Instead, in their bin-bag aprons and inadequate fast-food-take-away
wear… the carers and healers soldiered on; like a war where only one
side has guns. Government claims of “millions of pieces of PPE” etc was
just a playful word-play and they’d counted everything from cleaning
products to single gloves as a ‘piece’ and all that “ready for a rainy
day” supply – well that had apparently stopped existing about a decade
ago when the government didn’t feel it needed; for a pandemic predicted
to come… they just hoped it would hit someone else’s electoral term.
What now?
Those graphs of little-regard, they show some signs the virus is not as
bad as it was (at its worst) so the government is dashing into the next
bit where they give the kiss-of-life to the economy – using our lips:
lock-down is being eased along with furlough payments for the those in
jobs where they ‘can’ work:
ie: places government has decided can take the risk
ie: pubs, schools, hairdressers, shops (low pay staff).
Places are opening up, cars and planes are re-fuelling the air and
children’s school uniforms are on sale at the front of the local store
again.
Economically though (which is why they want the kids at
school – so the workers can work) it’s been a hit in different ways for
the well-connected; with bailouts to companies so big, they should have
had contingency for an emergency just like this. Meanwhile there is no
sign of hope for ongoing support for those now more in fear of hunger
and unpaid bills, than the virus itself.
IF we mattered at all
(WE the people) – this government would have created something of an
‘extra economy’ (like the bank bailout) to bailout the people with a
clear economic support package to see us through till we are in a better
position to cope… but they won’t.
IF justice mattered and was
really ‘blind’ - then this government, its key advisors and complicit
members – would be in court for gross negligence or criminal
manslaughter or something along those lines for the clear and certain
responsibility for too-numerous-to-contemplate deaths and suffering –
particularly those of healthcare workers forced to face risks they never
signed up to – they are not soldiers, they are CARERS.

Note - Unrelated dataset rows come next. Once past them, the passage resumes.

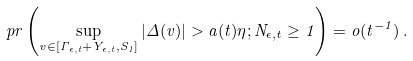<formula> <loc_0><loc_0><loc_500><loc_500>\ p r \left ( \sup _ { v \in [ \Gamma _ { \epsilon , t } + Y _ { \epsilon , t } , S _ { 1 } ] } | \Delta ( v ) | > a ( t ) \eta ; N _ { \epsilon , t } \geq 1 \right ) = o ( t ^ { - 1 } ) \, .</formula> 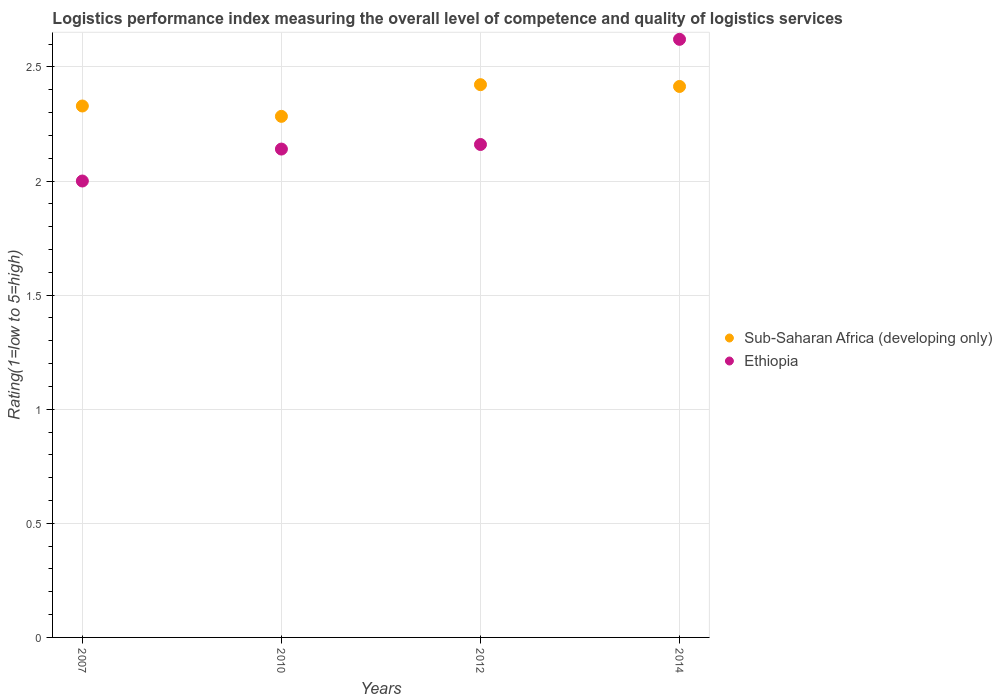How many different coloured dotlines are there?
Ensure brevity in your answer.  2. What is the Logistic performance index in Ethiopia in 2010?
Ensure brevity in your answer.  2.14. Across all years, what is the maximum Logistic performance index in Sub-Saharan Africa (developing only)?
Provide a succinct answer. 2.42. Across all years, what is the minimum Logistic performance index in Sub-Saharan Africa (developing only)?
Give a very brief answer. 2.28. In which year was the Logistic performance index in Sub-Saharan Africa (developing only) minimum?
Your response must be concise. 2010. What is the total Logistic performance index in Sub-Saharan Africa (developing only) in the graph?
Keep it short and to the point. 9.45. What is the difference between the Logistic performance index in Sub-Saharan Africa (developing only) in 2010 and that in 2014?
Your answer should be compact. -0.13. What is the difference between the Logistic performance index in Ethiopia in 2014 and the Logistic performance index in Sub-Saharan Africa (developing only) in 2012?
Your answer should be very brief. 0.2. What is the average Logistic performance index in Sub-Saharan Africa (developing only) per year?
Your answer should be compact. 2.36. In the year 2007, what is the difference between the Logistic performance index in Ethiopia and Logistic performance index in Sub-Saharan Africa (developing only)?
Your response must be concise. -0.33. What is the ratio of the Logistic performance index in Sub-Saharan Africa (developing only) in 2010 to that in 2014?
Provide a short and direct response. 0.95. What is the difference between the highest and the second highest Logistic performance index in Sub-Saharan Africa (developing only)?
Your answer should be very brief. 0.01. What is the difference between the highest and the lowest Logistic performance index in Ethiopia?
Your answer should be compact. 0.62. Is the sum of the Logistic performance index in Sub-Saharan Africa (developing only) in 2007 and 2012 greater than the maximum Logistic performance index in Ethiopia across all years?
Your answer should be compact. Yes. Does the Logistic performance index in Ethiopia monotonically increase over the years?
Your answer should be compact. Yes. Is the Logistic performance index in Ethiopia strictly less than the Logistic performance index in Sub-Saharan Africa (developing only) over the years?
Make the answer very short. No. How many years are there in the graph?
Keep it short and to the point. 4. Are the values on the major ticks of Y-axis written in scientific E-notation?
Offer a very short reply. No. How many legend labels are there?
Your answer should be very brief. 2. What is the title of the graph?
Make the answer very short. Logistics performance index measuring the overall level of competence and quality of logistics services. Does "Slovak Republic" appear as one of the legend labels in the graph?
Provide a succinct answer. No. What is the label or title of the X-axis?
Your answer should be compact. Years. What is the label or title of the Y-axis?
Offer a terse response. Rating(1=low to 5=high). What is the Rating(1=low to 5=high) in Sub-Saharan Africa (developing only) in 2007?
Your response must be concise. 2.33. What is the Rating(1=low to 5=high) in Ethiopia in 2007?
Ensure brevity in your answer.  2. What is the Rating(1=low to 5=high) in Sub-Saharan Africa (developing only) in 2010?
Give a very brief answer. 2.28. What is the Rating(1=low to 5=high) in Ethiopia in 2010?
Ensure brevity in your answer.  2.14. What is the Rating(1=low to 5=high) of Sub-Saharan Africa (developing only) in 2012?
Keep it short and to the point. 2.42. What is the Rating(1=low to 5=high) in Ethiopia in 2012?
Offer a terse response. 2.16. What is the Rating(1=low to 5=high) of Sub-Saharan Africa (developing only) in 2014?
Provide a short and direct response. 2.41. What is the Rating(1=low to 5=high) in Ethiopia in 2014?
Provide a succinct answer. 2.62. Across all years, what is the maximum Rating(1=low to 5=high) of Sub-Saharan Africa (developing only)?
Keep it short and to the point. 2.42. Across all years, what is the maximum Rating(1=low to 5=high) in Ethiopia?
Your response must be concise. 2.62. Across all years, what is the minimum Rating(1=low to 5=high) of Sub-Saharan Africa (developing only)?
Make the answer very short. 2.28. Across all years, what is the minimum Rating(1=low to 5=high) in Ethiopia?
Keep it short and to the point. 2. What is the total Rating(1=low to 5=high) of Sub-Saharan Africa (developing only) in the graph?
Keep it short and to the point. 9.45. What is the total Rating(1=low to 5=high) of Ethiopia in the graph?
Provide a succinct answer. 8.92. What is the difference between the Rating(1=low to 5=high) of Sub-Saharan Africa (developing only) in 2007 and that in 2010?
Provide a succinct answer. 0.05. What is the difference between the Rating(1=low to 5=high) in Ethiopia in 2007 and that in 2010?
Your response must be concise. -0.14. What is the difference between the Rating(1=low to 5=high) of Sub-Saharan Africa (developing only) in 2007 and that in 2012?
Provide a short and direct response. -0.09. What is the difference between the Rating(1=low to 5=high) of Ethiopia in 2007 and that in 2012?
Ensure brevity in your answer.  -0.16. What is the difference between the Rating(1=low to 5=high) of Sub-Saharan Africa (developing only) in 2007 and that in 2014?
Ensure brevity in your answer.  -0.09. What is the difference between the Rating(1=low to 5=high) of Ethiopia in 2007 and that in 2014?
Offer a terse response. -0.62. What is the difference between the Rating(1=low to 5=high) of Sub-Saharan Africa (developing only) in 2010 and that in 2012?
Your response must be concise. -0.14. What is the difference between the Rating(1=low to 5=high) of Ethiopia in 2010 and that in 2012?
Provide a short and direct response. -0.02. What is the difference between the Rating(1=low to 5=high) in Sub-Saharan Africa (developing only) in 2010 and that in 2014?
Keep it short and to the point. -0.13. What is the difference between the Rating(1=low to 5=high) of Ethiopia in 2010 and that in 2014?
Your answer should be compact. -0.48. What is the difference between the Rating(1=low to 5=high) in Sub-Saharan Africa (developing only) in 2012 and that in 2014?
Your answer should be very brief. 0.01. What is the difference between the Rating(1=low to 5=high) of Ethiopia in 2012 and that in 2014?
Provide a succinct answer. -0.46. What is the difference between the Rating(1=low to 5=high) of Sub-Saharan Africa (developing only) in 2007 and the Rating(1=low to 5=high) of Ethiopia in 2010?
Make the answer very short. 0.19. What is the difference between the Rating(1=low to 5=high) in Sub-Saharan Africa (developing only) in 2007 and the Rating(1=low to 5=high) in Ethiopia in 2012?
Give a very brief answer. 0.17. What is the difference between the Rating(1=low to 5=high) in Sub-Saharan Africa (developing only) in 2007 and the Rating(1=low to 5=high) in Ethiopia in 2014?
Keep it short and to the point. -0.29. What is the difference between the Rating(1=low to 5=high) in Sub-Saharan Africa (developing only) in 2010 and the Rating(1=low to 5=high) in Ethiopia in 2012?
Ensure brevity in your answer.  0.12. What is the difference between the Rating(1=low to 5=high) of Sub-Saharan Africa (developing only) in 2010 and the Rating(1=low to 5=high) of Ethiopia in 2014?
Your answer should be very brief. -0.34. What is the difference between the Rating(1=low to 5=high) in Sub-Saharan Africa (developing only) in 2012 and the Rating(1=low to 5=high) in Ethiopia in 2014?
Provide a short and direct response. -0.2. What is the average Rating(1=low to 5=high) of Sub-Saharan Africa (developing only) per year?
Keep it short and to the point. 2.36. What is the average Rating(1=low to 5=high) of Ethiopia per year?
Give a very brief answer. 2.23. In the year 2007, what is the difference between the Rating(1=low to 5=high) in Sub-Saharan Africa (developing only) and Rating(1=low to 5=high) in Ethiopia?
Provide a short and direct response. 0.33. In the year 2010, what is the difference between the Rating(1=low to 5=high) of Sub-Saharan Africa (developing only) and Rating(1=low to 5=high) of Ethiopia?
Make the answer very short. 0.14. In the year 2012, what is the difference between the Rating(1=low to 5=high) in Sub-Saharan Africa (developing only) and Rating(1=low to 5=high) in Ethiopia?
Offer a terse response. 0.26. In the year 2014, what is the difference between the Rating(1=low to 5=high) in Sub-Saharan Africa (developing only) and Rating(1=low to 5=high) in Ethiopia?
Make the answer very short. -0.21. What is the ratio of the Rating(1=low to 5=high) of Sub-Saharan Africa (developing only) in 2007 to that in 2010?
Your answer should be compact. 1.02. What is the ratio of the Rating(1=low to 5=high) in Ethiopia in 2007 to that in 2010?
Your answer should be very brief. 0.93. What is the ratio of the Rating(1=low to 5=high) of Sub-Saharan Africa (developing only) in 2007 to that in 2012?
Ensure brevity in your answer.  0.96. What is the ratio of the Rating(1=low to 5=high) of Ethiopia in 2007 to that in 2012?
Ensure brevity in your answer.  0.93. What is the ratio of the Rating(1=low to 5=high) of Sub-Saharan Africa (developing only) in 2007 to that in 2014?
Provide a succinct answer. 0.96. What is the ratio of the Rating(1=low to 5=high) of Ethiopia in 2007 to that in 2014?
Your answer should be compact. 0.76. What is the ratio of the Rating(1=low to 5=high) in Sub-Saharan Africa (developing only) in 2010 to that in 2012?
Your answer should be very brief. 0.94. What is the ratio of the Rating(1=low to 5=high) in Ethiopia in 2010 to that in 2012?
Keep it short and to the point. 0.99. What is the ratio of the Rating(1=low to 5=high) in Sub-Saharan Africa (developing only) in 2010 to that in 2014?
Offer a terse response. 0.95. What is the ratio of the Rating(1=low to 5=high) of Ethiopia in 2010 to that in 2014?
Provide a succinct answer. 0.82. What is the ratio of the Rating(1=low to 5=high) in Ethiopia in 2012 to that in 2014?
Make the answer very short. 0.82. What is the difference between the highest and the second highest Rating(1=low to 5=high) in Sub-Saharan Africa (developing only)?
Provide a short and direct response. 0.01. What is the difference between the highest and the second highest Rating(1=low to 5=high) of Ethiopia?
Provide a short and direct response. 0.46. What is the difference between the highest and the lowest Rating(1=low to 5=high) in Sub-Saharan Africa (developing only)?
Provide a short and direct response. 0.14. What is the difference between the highest and the lowest Rating(1=low to 5=high) in Ethiopia?
Keep it short and to the point. 0.62.

I’ve got no real ‘happy’ to end with and after reading the original piece – have discarded all but the last bit:
[This strange time we are currently in, will end and something else
will be in its place and as much as we need our scientists and experts
to help us through, we also need bravery and imagination and
believers-in-better (definition of an activist?) because alongside the
essential physical concerns we’re all experiencing right now, our whole
idea of society is currently pushed up into our faces and it’s going to
take creativity to move us on. I’ll give the last word to
Frankie Boyle:
“The whole crisis does raise some interesting questions though: if we
all agree that we can’t have the weakest people in society dying as a
healthcare system, then why do we tolerate it as an economic system? We
see articles about people who have stockpiled hand sanitiser to sell at a
markup, but they are the people the system we live in supports, and
that is what speculation is.”]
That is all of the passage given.